Companies that have not yet integrated sustainability into their digitalization strategies should take action to do so. We recommend a basic four-step approach:

  1. Audit of digital sustainability performance. The first stage is to conduct an audit of the company’s digital sustainability performance. This means breaking down the digital/IT estate into its various elements and considering their sustainability impacts, both negative and positive. As we have described, determining negative impacts requires considering aspects like hardware efficiency, utilization, software engineering, vendor management, and circularity. Positive impacts include production management, supplier management, and facilities management. The audit should also include some consideration of the potential of digital twins to enhance both operational and sustainability performance.

  2. Identify and prioritize use cases. Once the audit has established the baseline, the next step is fleshing out the most significant opportunities and use cases. Typically, this will involve exploring potential solutions, costs, benefits, interfaces, barriers, and implementation roadmaps. As with all such change programs, some prioritization will be necessary based on consideration of certain aspects, such as impact achieved (i.e., sustainability impact and company value impact), level of investment required, linkages with other initiatives, and ease of implementation.

  3. Integrate sustainability into digital strategy. Having clarified the feasibility and attractiveness of a range of opportunities and use cases, it is possible to meaningfully integrate sustainability into the company’s digital strategy. This integration is key to ensuring value creation and the capture of opportunities as digital transformation proceeds. The integration must tackle three major focus areas (Figure 3 illustrates the dimensions to consider):

    • First, the enterprise architecture considers the major technologies and digital services with a direct impact on emissions. Green technologies, reusability, and modularity of the technology landscape are key in this focus area.

    • Second, the digital operating model describes how the organization works in order to achieve the sustainability objectives.

    • Third — and most important — people are key for a successful sustainability strategy.
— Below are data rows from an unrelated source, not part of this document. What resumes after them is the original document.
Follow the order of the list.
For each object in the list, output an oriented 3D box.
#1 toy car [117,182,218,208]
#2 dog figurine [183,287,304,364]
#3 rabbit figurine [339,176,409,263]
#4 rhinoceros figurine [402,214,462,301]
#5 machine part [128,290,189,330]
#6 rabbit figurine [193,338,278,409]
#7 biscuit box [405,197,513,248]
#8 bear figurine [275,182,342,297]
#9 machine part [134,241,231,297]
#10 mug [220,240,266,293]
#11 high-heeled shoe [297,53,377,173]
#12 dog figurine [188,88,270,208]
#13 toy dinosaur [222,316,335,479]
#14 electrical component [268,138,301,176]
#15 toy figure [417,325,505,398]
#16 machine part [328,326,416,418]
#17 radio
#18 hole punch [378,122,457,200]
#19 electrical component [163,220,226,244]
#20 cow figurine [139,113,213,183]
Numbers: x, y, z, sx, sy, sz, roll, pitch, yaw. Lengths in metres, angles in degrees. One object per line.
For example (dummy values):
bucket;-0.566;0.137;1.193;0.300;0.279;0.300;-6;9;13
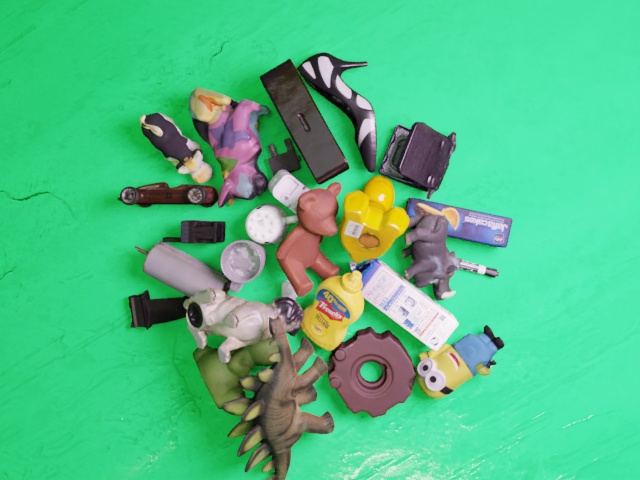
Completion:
toy car;-0.308;-0.091;1.091;0.202;0.089;0.053;1;93;7
dog figurine;-0.145;0.140;1.041;0.172;0.190;0.121;40;120;28
rabbit figurine;0.107;-0.045;1.033;0.122;0.173;0.162;11;138;6
rhinoceros figurine;0.213;0.033;1.027;0.112;0.073;0.190;-10;123;7
machine part;-0.335;0.145;1.129;0.139;0.039;0.084;-4;87;7
rabbit figurine;-0.160;0.236;1.095;0.170;0.121;0.159;-26;82;-12
biscuit box;0.267;-0.034;1.053;0.203;0.059;0.062;12;93;5
bear figurine;-0.005;-0.006;1.022;0.132;0.120;0.195;50;133;16
machine part;-0.270;0.073;1.100;0.243;0.079;0.079;27;95;3
mug;-0.147;0.049;1.073;0.081;0.107;0.109;15;98;6
high-heeled shoe;0.035;-0.249;1.058;0.145;0.086;0.248;-6;87;8
dog figurine;-0.187;-0.176;1.069;0.192;0.108;0.219;14;96;4
toy dinosaur;-0.080;0.348;1.043;0.198;0.105;0.470;-16;119;-22
electrical component;-0.070;-0.157;1.099;0.063;0.021;0.094;-18;90;5
toy figure;0.274;0.244;1.054;0.180;0.082;0.089;-32;118;-1
machine part;0.105;0.266;1.084;0.179;0.056;0.179;0;93;4
radio;-0.025;-0.219;1.037;0.073;0.131;0.229;-28;89;6
hole punch;0.188;-0.161;1.050;0.115;0.092;0.142;23;85;-27
electrical component;-0.258;-0.017;1.098;0.119;0.075;0.047;3;93;8
cow figurine;-0.287;-0.186;1.081;0.167;0.098;0.068;43;89;3
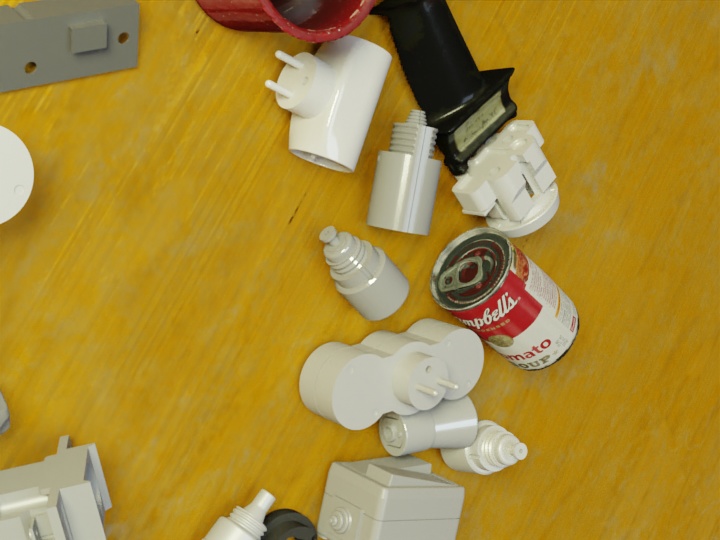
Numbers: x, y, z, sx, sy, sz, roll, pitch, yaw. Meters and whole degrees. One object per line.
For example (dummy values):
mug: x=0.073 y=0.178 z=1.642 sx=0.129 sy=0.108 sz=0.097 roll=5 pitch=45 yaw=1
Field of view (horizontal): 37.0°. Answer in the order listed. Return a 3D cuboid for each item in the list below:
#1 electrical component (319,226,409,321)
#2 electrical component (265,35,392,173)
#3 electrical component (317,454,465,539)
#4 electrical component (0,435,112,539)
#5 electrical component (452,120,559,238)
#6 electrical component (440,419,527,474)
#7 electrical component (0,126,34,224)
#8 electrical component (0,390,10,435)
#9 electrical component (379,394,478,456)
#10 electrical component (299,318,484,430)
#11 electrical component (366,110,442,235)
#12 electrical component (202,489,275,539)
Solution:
electrical component: x=0.000 y=0.000 z=0.713 sx=0.040 sy=0.040 sz=0.078 roll=-54 pitch=127 yaw=-17
electrical component: x=-0.025 y=-0.109 z=0.665 sx=0.079 sy=0.044 sz=0.077 roll=21 pitch=86 yaw=-41
electrical component: x=0.018 y=0.164 z=0.750 sx=0.096 sy=0.062 sz=0.061 roll=9 pitch=94 yaw=-40
electrical component: x=-0.171 y=0.128 z=0.580 sx=0.064 sy=0.081 sz=0.042 roll=-13 pitch=109 yaw=-7
electrical component: x=0.109 y=-0.061 z=0.779 sx=0.078 sy=0.058 sz=0.057 roll=-49 pitch=123 yaw=-21
electrical component: x=0.094 y=0.132 z=0.799 sx=0.040 sy=0.078 sz=0.040 roll=3 pitch=85 yaw=-33
electrical component: x=-0.214 y=-0.019 z=0.511 sx=0.138 sy=0.074 sz=0.052 roll=-44 pitch=124 yaw=-23
electrical component: x=-0.216 y=0.080 z=0.557 sx=0.061 sy=0.035 sz=0.035 roll=-24 pitch=114 yaw=-31
electrical component: x=0.047 y=0.112 z=0.777 sx=0.065 sy=0.044 sz=0.044 roll=-6 pitch=103 yaw=-33
electrical component: x=0.035 y=0.074 z=0.736 sx=0.138 sy=0.074 sz=0.052 roll=-11 pitch=107 yaw=-37
electrical component: x=0.032 y=-0.067 z=0.723 sx=0.043 sy=0.043 sz=0.081 roll=6 pitch=96 yaw=-40
electrical component: x=-0.077 y=0.169 z=0.692 sx=0.061 sy=0.035 sz=0.035 roll=-53 pitch=127 yaw=-21

The strategy can exploit its full potential only if the organization’s cultural mindset fully supports the sustainability endeavor. It is crucial that employees are aware of and understand this impact of digitalization so they can act on it and support the company’s sustainability ambition.

  4. Pilots and quick wins. A portfolio approach involving rapid “quick win” projects and early pilots to build learning is helpful to ensure that momentum is maintained. Reviewing device lifecycles or investigating the data center and cloud energy usage and mix is often a good place to start.

Figure 3. Digital dimensions to consider
Figure 3. Digital dimensions to consider



Sustainability and digitalization have increasingly converged as companies have progressed along their digital transformation journeys. A company that fails to recognize and leverage these linkages risks failing to deliver the full potential of digital investments. It may also mean its progress toward net zero is too slow to meet stakeholder expectations. And, in a very direct way, companies may miss out on one of the most effective methods available to them to boost company value. Integration should therefore be high on the executive agenda and should include a focus on five key elements:

  1. Understand current performance on digital sustainability and obtain the organization baseline.

  2. Define digitalization use cases that help to manage sustainability, in line with areas having the biggest footprint in the organization.

  3. Prioritize levers and define initiatives for reducing sustainability impacts of digitalization, taking into account enterprise architecture, operating model, and human aspects.

  4. Understand expected impact on valuation of defined initiatives and communicate appropriately in terms of company ambition, priorities, and ESG reporting.

  5. Execute iteratively and track progress frequently versus the established baseline.


[1] Based on a found correlation range of 0.05 to 0.13 with 95% confidence for impact of ESG score on P/E ratio.